Information given: Begin

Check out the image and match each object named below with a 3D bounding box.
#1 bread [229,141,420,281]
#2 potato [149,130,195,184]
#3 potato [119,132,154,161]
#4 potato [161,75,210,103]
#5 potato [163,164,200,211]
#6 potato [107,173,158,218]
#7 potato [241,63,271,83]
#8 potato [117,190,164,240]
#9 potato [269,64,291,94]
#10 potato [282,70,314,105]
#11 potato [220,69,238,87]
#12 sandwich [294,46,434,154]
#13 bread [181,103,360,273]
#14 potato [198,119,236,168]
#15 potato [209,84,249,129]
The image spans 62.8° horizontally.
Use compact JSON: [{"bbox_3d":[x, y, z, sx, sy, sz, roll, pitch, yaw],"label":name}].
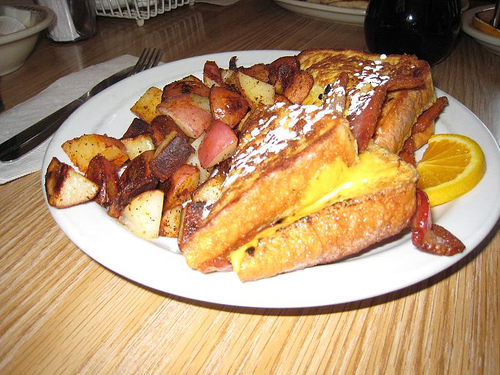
[{"bbox_3d":[0.273,0.051,1.538,0.524,0.448,0.532,1,16,4],"label":"bread"},{"bbox_3d":[-0.320,-0.125,1.716,0.209,0.172,0.137,1,25,9],"label":"potato"},{"bbox_3d":[-0.488,-0.202,1.833,0.118,0.100,0.178,29,41,30],"label":"potato"},{"bbox_3d":[-0.313,-0.483,1.975,0.153,0.051,0.172,3,38,14],"label":"potato"},{"bbox_3d":[-0.275,-0.006,1.622,0.070,0.153,0.156,22,32,40],"label":"potato"},{"bbox_3d":[-0.500,-0.003,1.635,0.238,0.143,0.155,-20,27,-38],"label":"potato"},{"bbox_3d":[0.044,-0.573,2.036,0.124,0.043,0.124,-32,49,-29],"label":"potato"},{"bbox_3d":[-0.396,0.100,1.521,0.141,0.047,0.198,2,58,-1],"label":"potato"},{"bbox_3d":[0.139,-0.505,1.892,0.111,0.034,0.120,-20,64,21],"label":"potato"},{"bbox_3d":[0.212,-0.437,1.788,0.092,0.042,0.181,27,93,33],"label":"potato"},{"bbox_3d":[-0.117,-0.561,2.077,0.086,0.026,0.118,-19,60,12],"label":"potato"},{"bbox_3d":[0.459,-0.394,1.698,0.481,0.152,0.526,10,49,21],"label":"sandwich"},{"bbox_3d":[0.061,-0.031,1.442,0.542,0.217,0.802,-1,37,27],"label":"bread"},{"bbox_3d":[-0.123,-0.181,1.685,0.068,0.183,0.164,21,21,-21],"label":"potato"},{"bbox_3d":[-0.100,-0.361,1.798,0.173,0.170,0.102,-8,25,-15],"label":"potato"}]
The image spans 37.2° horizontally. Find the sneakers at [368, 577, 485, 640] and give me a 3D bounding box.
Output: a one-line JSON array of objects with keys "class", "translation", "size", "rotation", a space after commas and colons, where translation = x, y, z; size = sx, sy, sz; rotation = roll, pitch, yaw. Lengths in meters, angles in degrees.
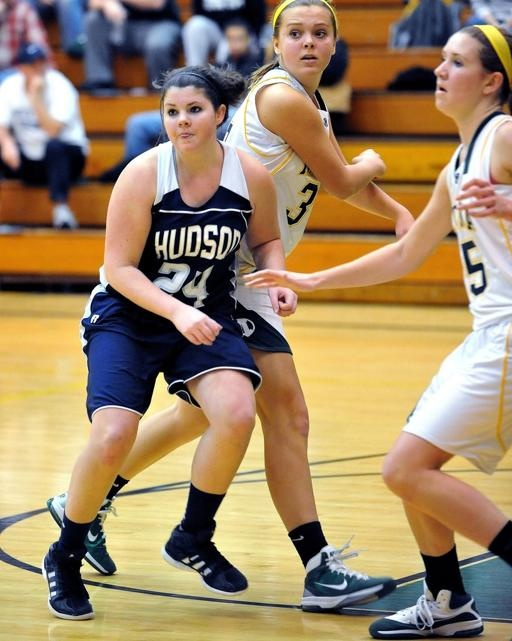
[{"class": "sneakers", "translation": [0.343, 0.579, 1.533], "size": [0.262, 0.112, 0.088], "rotation": [2, -7, 4]}]

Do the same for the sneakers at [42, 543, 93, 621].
[{"class": "sneakers", "translation": [-0.396, 0.538, 1.600], "size": [0.092, 0.147, 0.175], "rotation": [-3, 8, -16]}]
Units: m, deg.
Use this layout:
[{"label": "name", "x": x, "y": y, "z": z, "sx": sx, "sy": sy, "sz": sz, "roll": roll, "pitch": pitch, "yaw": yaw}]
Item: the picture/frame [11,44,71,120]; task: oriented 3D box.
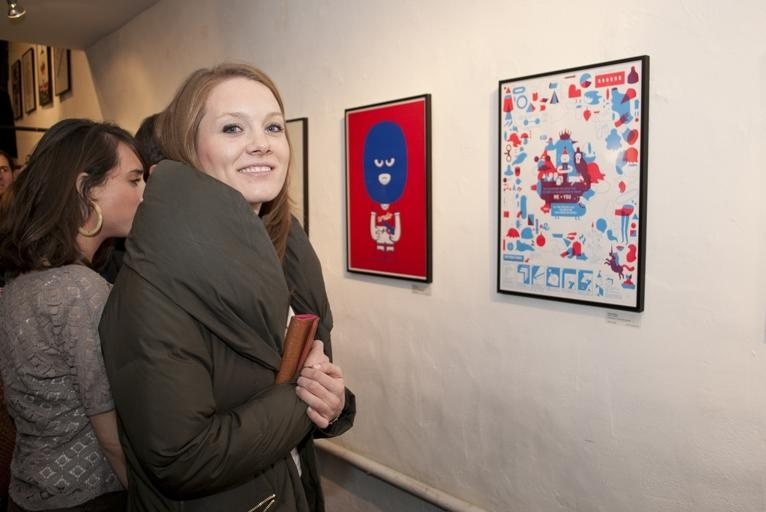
[{"label": "picture/frame", "x": -3.896, "y": -1.932, "z": 5.886, "sx": 1.509, "sy": 0.981, "sz": 0.151, "roll": 4, "pitch": 7, "yaw": 36}]
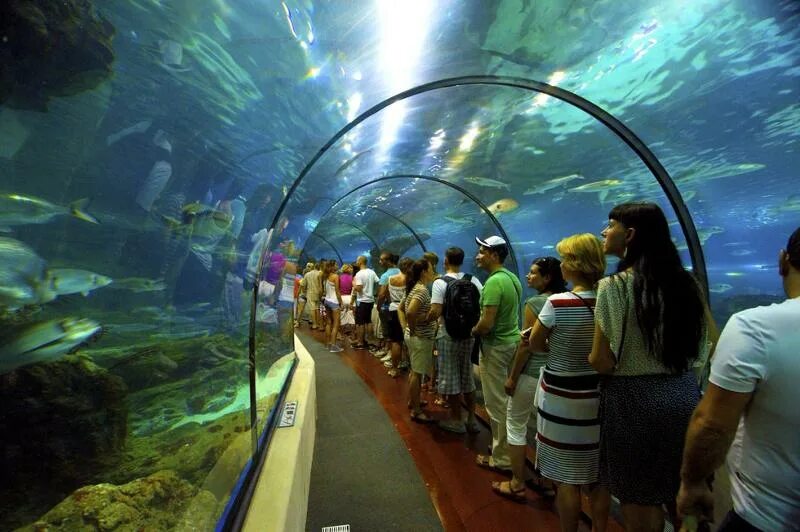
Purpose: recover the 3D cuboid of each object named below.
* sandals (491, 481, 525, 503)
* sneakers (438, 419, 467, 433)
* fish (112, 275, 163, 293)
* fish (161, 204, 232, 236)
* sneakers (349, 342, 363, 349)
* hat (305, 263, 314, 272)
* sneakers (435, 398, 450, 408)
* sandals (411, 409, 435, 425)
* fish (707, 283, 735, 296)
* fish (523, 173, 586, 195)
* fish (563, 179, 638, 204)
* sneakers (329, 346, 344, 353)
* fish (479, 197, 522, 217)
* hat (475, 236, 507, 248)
[{"bbox_3d":[1.067,2.182,4.193,0.303,0.116,0.134,3,-5,37],"label":"sandals"},{"bbox_3d":[0.673,2.042,5.531,0.374,0.135,0.148,1,1,31],"label":"sneakers"},{"bbox_3d":[-1.164,0.078,1.877,0.068,0.049,0.223,-12,-7,12],"label":"fish"},{"bbox_3d":[-1.078,-0.243,2.229,0.216,0.103,0.313,17,0,-14],"label":"fish"},{"bbox_3d":[-1.110,1.958,10.545,0.368,0.139,0.131,-2,-2,23],"label":"sneakers"},{"bbox_3d":[-2.703,0.006,12.752,0.239,0.319,0.749,3,-5,-10],"label":"hat"},{"bbox_3d":[0.621,2.035,6.390,0.097,0.105,0.261,3,-18,-11],"label":"sneakers"},{"bbox_3d":[0.298,2.041,5.823,0.293,0.103,0.150,-1,-1,7],"label":"sandals"},{"bbox_3d":[4.305,0.308,5.739,0.181,0.132,0.062,2,-28,46],"label":"fish"},{"bbox_3d":[2.882,-1.547,8.089,0.975,0.188,0.225,-13,-22,42],"label":"fish"},{"bbox_3d":[3.438,-1.310,7.290,0.436,0.196,0.948,-36,22,-32],"label":"fish"},{"bbox_3d":[-1.492,1.935,10.002,0.316,0.118,0.119,1,3,-22],"label":"sneakers"},{"bbox_3d":[2.354,-1.374,9.879,0.245,0.205,0.701,16,-13,-26],"label":"fish"},{"bbox_3d":[1.043,-0.272,4.891,0.350,0.113,0.211,3,4,3],"label":"hat"}]

Information given: End

Task statement | Count lines above with the word "named". Give the number only.

Solution for this exercise | 2